EMERSON ELECTRIC CO., a Missouri Corporation, Appellant, v. RELIANCE ELECTRIC COMPANY, an Ohio Corporation, Appellee

434 F.2d 918, 1970 U.S. App. LEXIS 6460
CourtCourt of Appeals for the Eighth Circuit
DecidedNovember 12, 1970
Docket20014_1
StatusPublished
Cited by9 cases

This text of 434 F.2d 918 (EMERSON ELECTRIC CO., a Missouri Corporation, Appellant, v. RELIANCE ELECTRIC COMPANY, an Ohio Corporation, Appellee) is published on Counsel Stack Legal Research, covering Court of Appeals for the Eighth Circuit primary law. Counsel Stack provides free access to over 12 million legal documents including statutes, case law, regulations, and constitutions.

Bluebook
EMERSON ELECTRIC CO., a Missouri Corporation, Appellant, v. RELIANCE ELECTRIC COMPANY, an Ohio Corporation, Appellee, 434 F.2d 918, 1970 U.S. App. LEXIS 6460 (8th Cir. 1970).

Opinion

*920 ELMO B. HUNTER, District Judge.

This is an interlocutory appeal from a declaratory judgment holding that Emerson Electric Company is liable to Reliance Electric Company under Section 16(b) of the Security Exchange Act of 1934 1 for the net profits realized by Emerson from the sale on August 28, 1967, of 37,000 shares of the stock of Dodge Manufacturing Corporation and from the sale on September 13, 1967, of 115,282 shares of Dodge stock. 2 Only the issue concerning the amount of profits recoverable by Reliance has been reserved for future determination by the District Court.

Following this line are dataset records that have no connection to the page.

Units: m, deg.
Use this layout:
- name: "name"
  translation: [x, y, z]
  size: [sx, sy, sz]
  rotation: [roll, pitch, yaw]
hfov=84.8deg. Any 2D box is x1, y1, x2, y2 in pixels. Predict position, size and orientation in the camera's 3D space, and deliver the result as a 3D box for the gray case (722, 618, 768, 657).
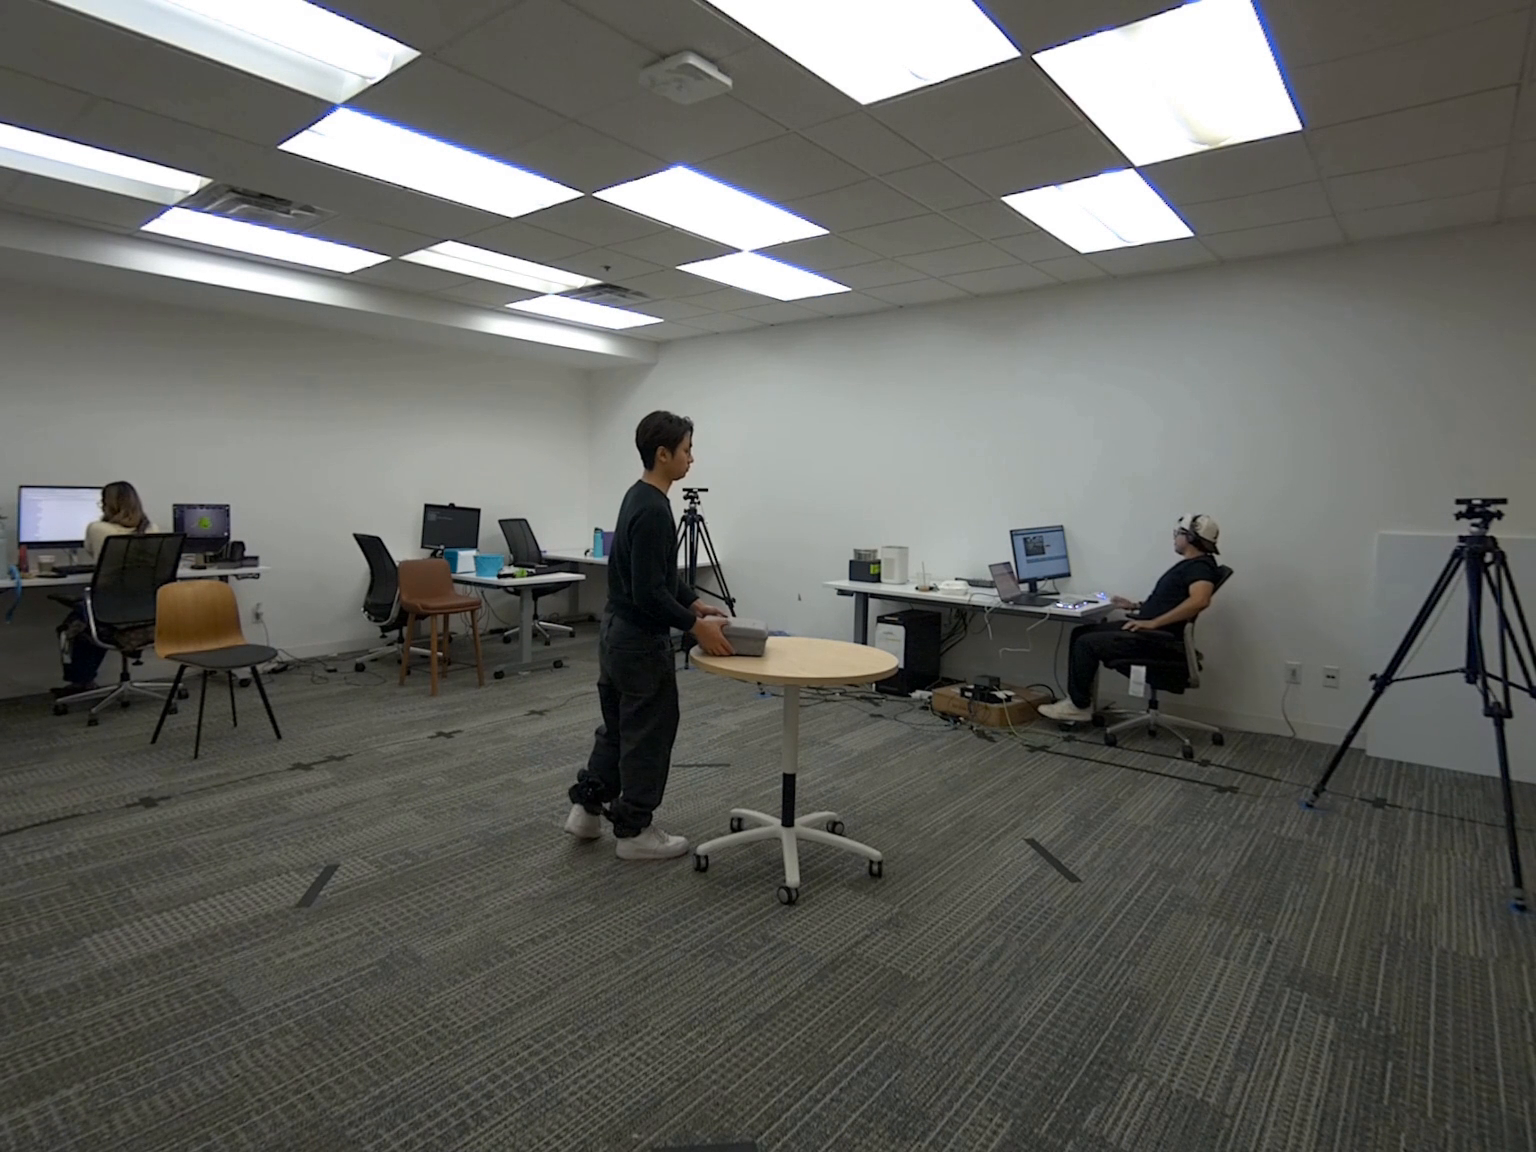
- name: "gray case"
  translation: [-0.142, 0.220, 3.188]
  size: [0.262, 0.104, 0.257]
  rotation: [4, 6, 2]
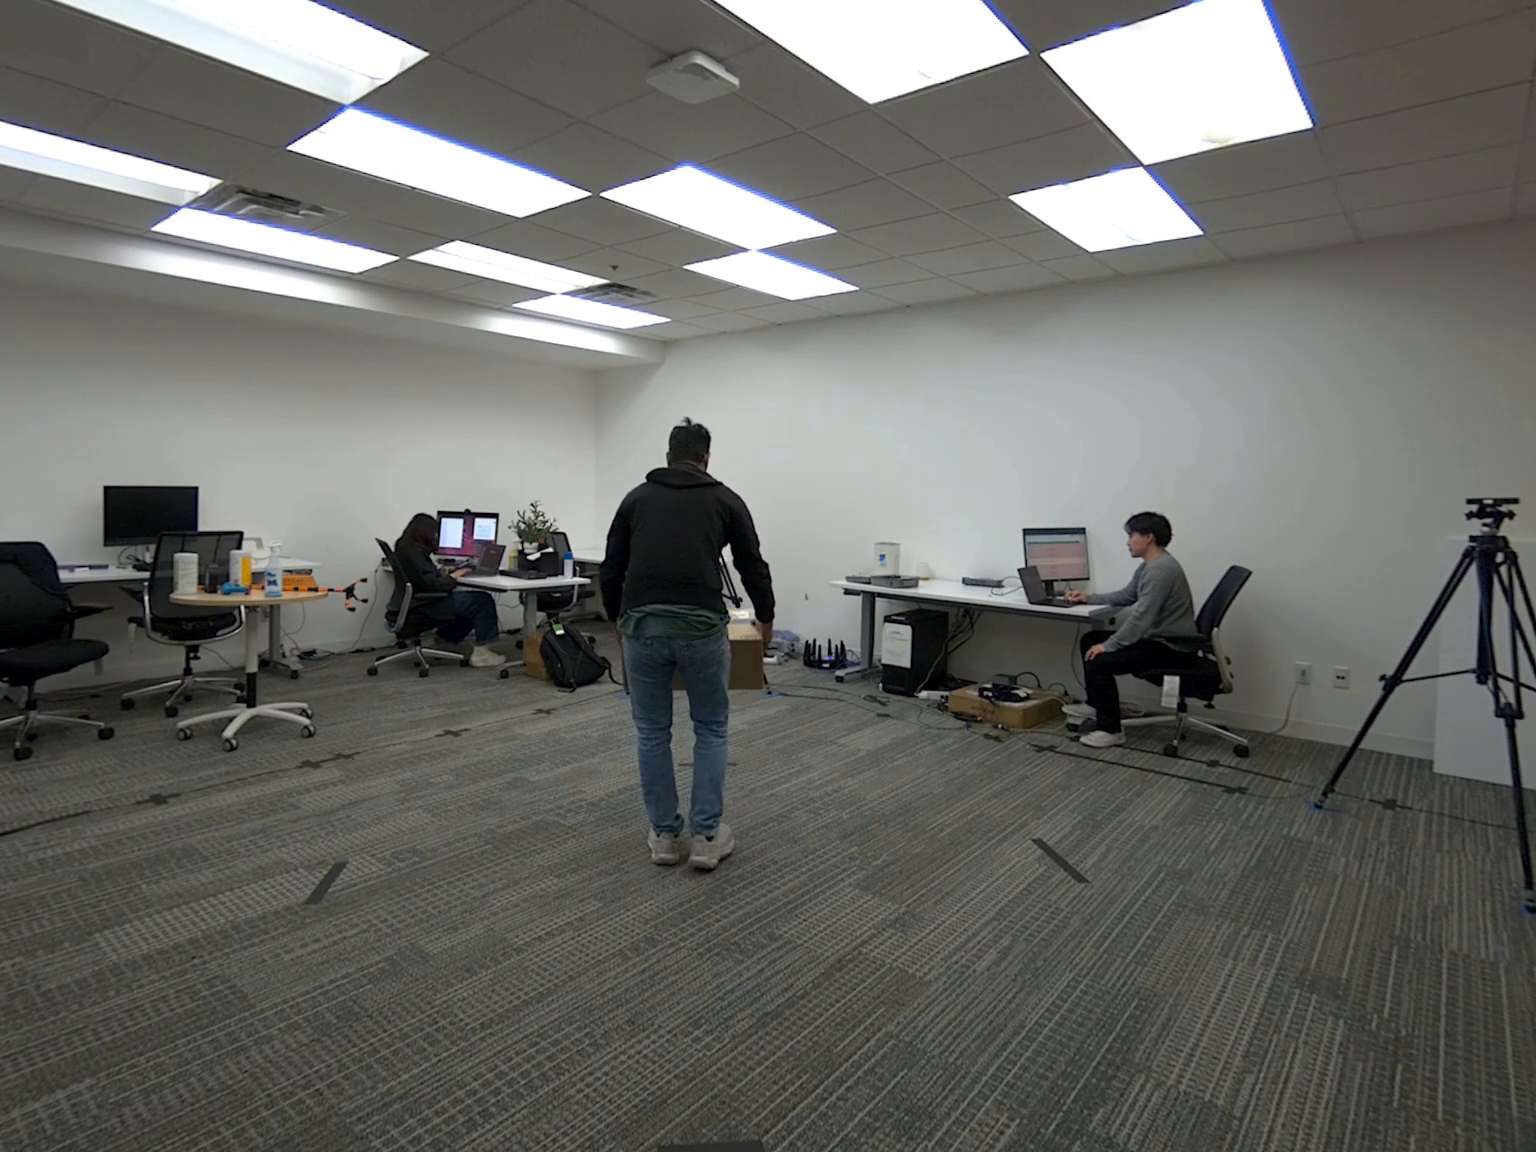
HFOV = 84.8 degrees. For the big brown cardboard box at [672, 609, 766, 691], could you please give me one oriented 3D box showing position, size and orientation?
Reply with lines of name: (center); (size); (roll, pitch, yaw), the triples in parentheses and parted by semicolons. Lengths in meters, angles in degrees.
big brown cardboard box: (-0.309, 0.300, 3.582); (0.590, 0.230, 0.422); (-1, 14, 1)

The salient facts are relatively undisputed. 3 Toward the end of 1966, Emerson, a St. Louis based manufacturer of electric motors, became interested in Dodge of Mishawaka, Indiana, a company engaged in the manufacture of transmission equipment and other devices used with electric motors. Dodge was a publicly held corporation, and its stock was listed on the New York Stock Exchange. Emerson engaged in merger negotiations with Dodge. On March 12, 1967, Emerson was advised that Dodge’s board had rejected Emerson’s merger offer. On March 22, 1967, Emerson withdrew its merger proposal, terminated negotiations with Dodge, and so advised the financial community.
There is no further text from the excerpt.